Scaling machine learning pipelines using PyTorch can be a pain.
You typically start a PyTorch-based machine learning project by defining the model architecture. Then you run it on a CPU machine and progressively create a training pipeline. Once the pipeline is done, you run the same code on a GPU or TPU machine for faster gradient computations. You update the PyTorch code to load all the tensors to the GPU/TPU memory with a ‘.to(device)’ function call. Now comes the difficult part: what if you want to use distributed training for the same pipeline? You have to overhaul the code and test it to make sure nothing is broken.
Why sweat the small stuff? Let's use PyTorch Lightning instead.

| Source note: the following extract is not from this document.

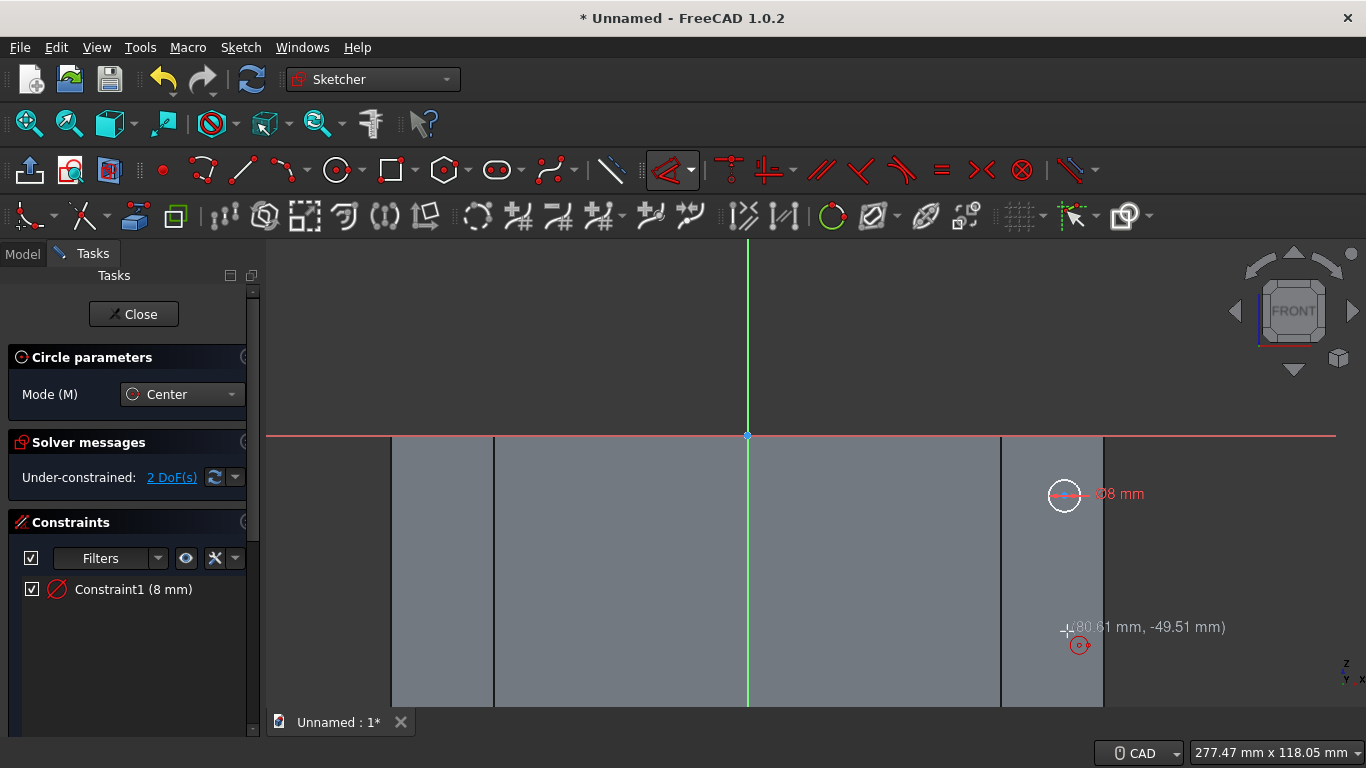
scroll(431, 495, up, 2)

Understanding PyTorch Lightning
PyTorch Lightning, developed by Facebook’s AI Research lab, is not a new framework, rather it is a high-level interface to PyTorch. In simple terms, PyTorch Lightning abstracts away boilerplate code and makes it easy to implement engineering logic such as device-agnostic training, distributed training, etc. It also acts as a coding style guide for PyTorch developers. Before using PyTorch Lightning, we have to understand some basic stuff.

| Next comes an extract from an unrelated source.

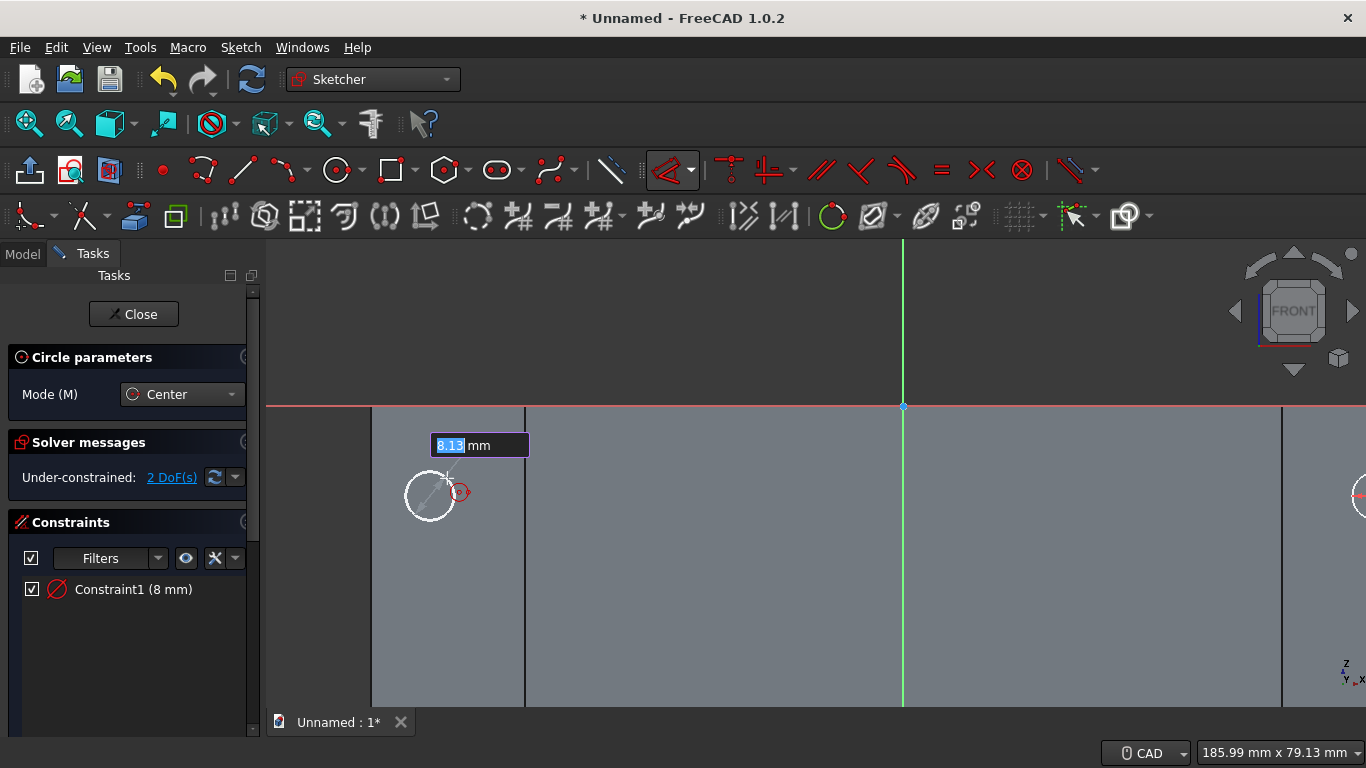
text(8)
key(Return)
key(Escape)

First, PyTorch Lightning separates a typical machine learning code base into two streams—research and engineering. The research part of the code includes the Neural Network architecture, algorithms, training, validation logic, etc. The engineering part of the code includes logic for scaling, choosing hardware to train on, distributed training, etc. The research part is where developers spend most of their effort. The engineering part requires less effort as most of the engineering logic is already implemented in PyTorch Lightning.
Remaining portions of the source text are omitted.